Das Museum nimmt auch seine eigene (Gebäude-)Geschichte ernst, so dass dem Handel mit Zucker und Sklaven eine große Abteilung gewidmet ist. Denn so wurde nicht nur die West India Company im 18. Jh reich: Waffen und Tauschmittel gingen per Schiff nach Westafrika zum Erwerb von Sklaven. Diese wurden zu den Zuckerrohrplantagen Amerikas gebracht. Dort wurde Zucker, Rum, Tabak für London geladen. Dann auf ein Neues.

Installation Hafenviertel um 1850 Foto: Gerd Walther

Installation Hafenviertel um 1850
Foto: Gerd Walther

Sehr anschaulich gemacht ist mit zwei umfänglichen Installationen die Zeit um 1750 und v.a. die um 1850. Dunkle, enge Gassen, Kontore, kleine Läden und Wohnplätze, nicht nur die Kneipen verrucht und gespenstig, manchmal kann man hineingehen, teilweise genügt ein Blick durch ein erleuchtetes Fenster in eingerichtete Räume.

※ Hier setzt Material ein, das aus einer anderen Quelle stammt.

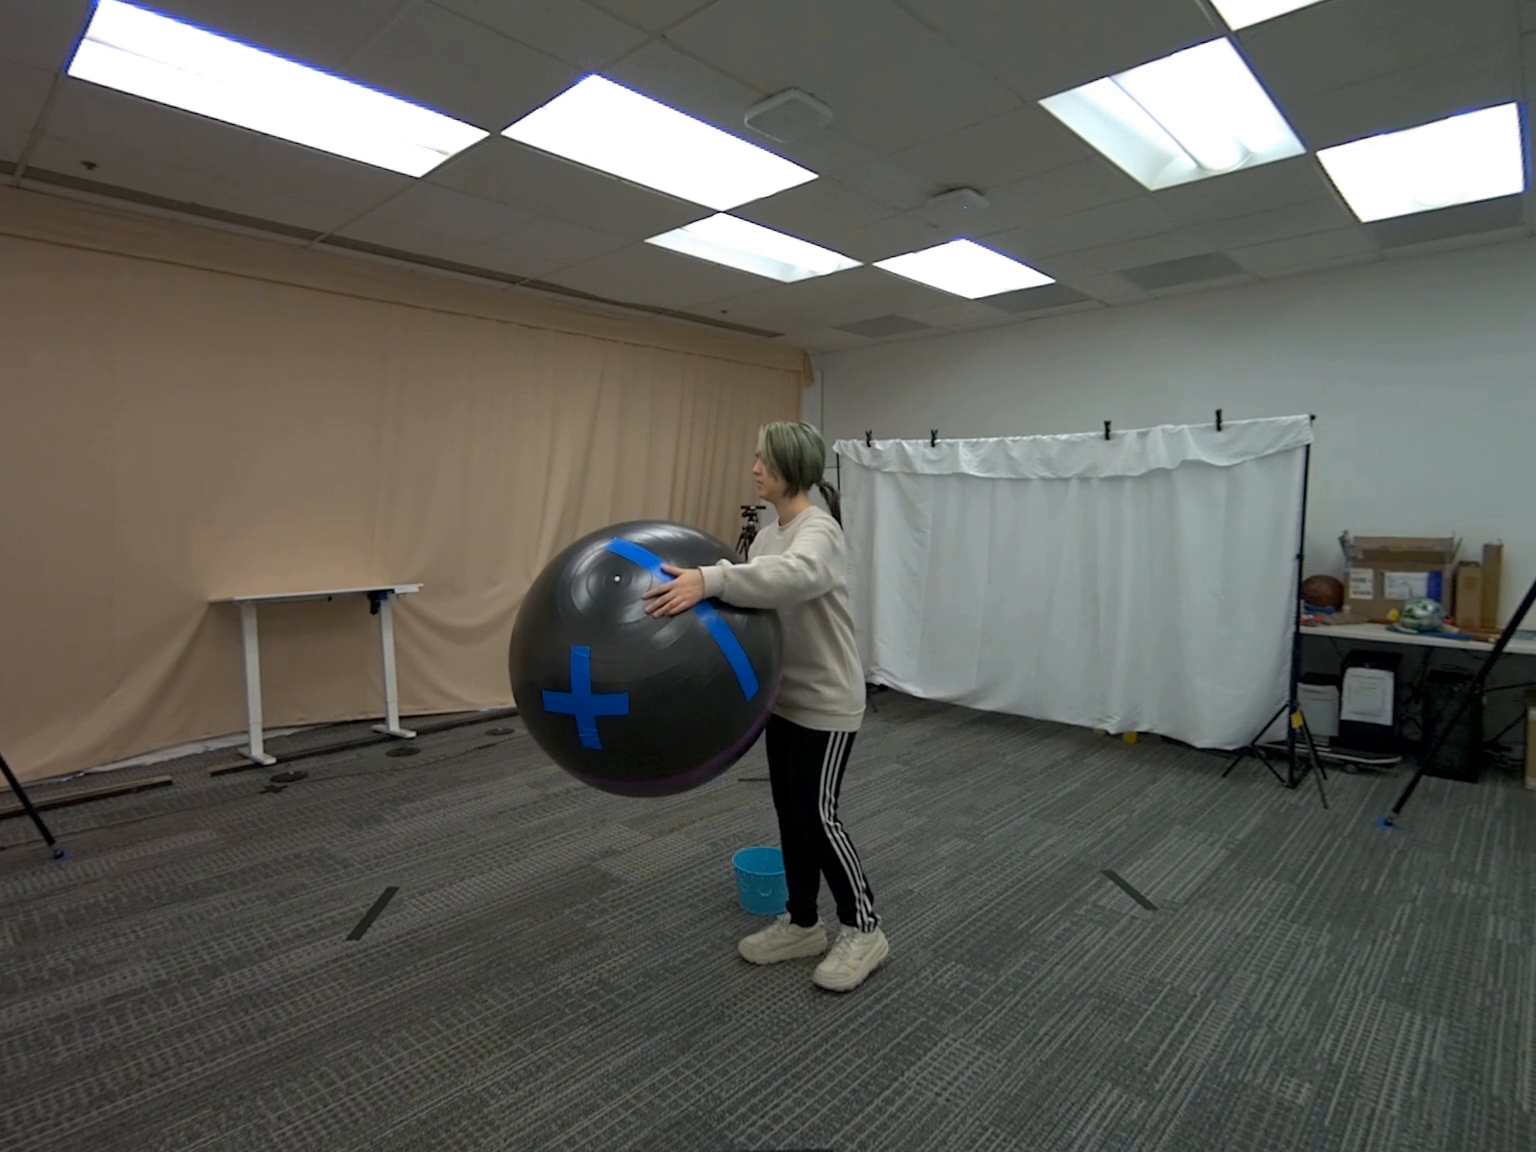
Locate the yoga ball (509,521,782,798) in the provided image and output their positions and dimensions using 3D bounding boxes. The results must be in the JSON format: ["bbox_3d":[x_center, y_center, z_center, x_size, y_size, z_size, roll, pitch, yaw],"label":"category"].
[{"bbox_3d":[-0.336,0.228,2.336,0.757,0.756,0.760,0,4,-2],"label":"yoga ball"}]

Wer Londons East End zur Zeit von Jack the Ripper (1888) kennenlernen will, erhält hier den wohl eindringlichsten Einblick, auch wenn das Menschengewühl fehlt. Das ist toll gemacht.

Es folgen kleinere Ensembles. Hafenviertel sind nie nur Handelsorte, es sind Lebensräume, in denen Menschenmassen unter oft völlig unzureichenden (hygienischen) Bedingungen hausten. Es sind auch Orte des Wirtschaftens. Werften, Großmühlen, Kohle-, Stahlwerke und andere große Fabriken entstehen und werden mit typischen Maschinen, Einrichtungen und Dokumenten vorgestellt. Oder die Polizei mit ihren langen Stecken zur Orientierung im dichten Nebel. Unermesslicher Reichtum, unfassbares Elend, Laster und Verbrechen lagen nah zusammen. Ein Hafenviertel der Sonderklasse.

1666, 1794 und 1866 zerstörten riesige Feuer ganze Stadtteile – bis hin zu den deutschen Luftangriffen im ‚Blitz‘ ab 1940, unter denen das East End besonders zu leiden hatte. Doch immer wieder wurde aufgebaut, noch größer, noch mächtiger. Immer größere Schiffe verlangten immer größere Hafenanlagen – flussabwärts. So wurden die Londoner Docks in den 1960er Jahren allmählich veraltet. Ab 1985/88 entstand an ihrer Stelle das Bankenviertel Canary Wharf, ein Moloch der anderen Art. Für die alten Docks, ihre Menschen, Häuser und Straßen war trotz aller Gegenwehr hier kein Platz mehr.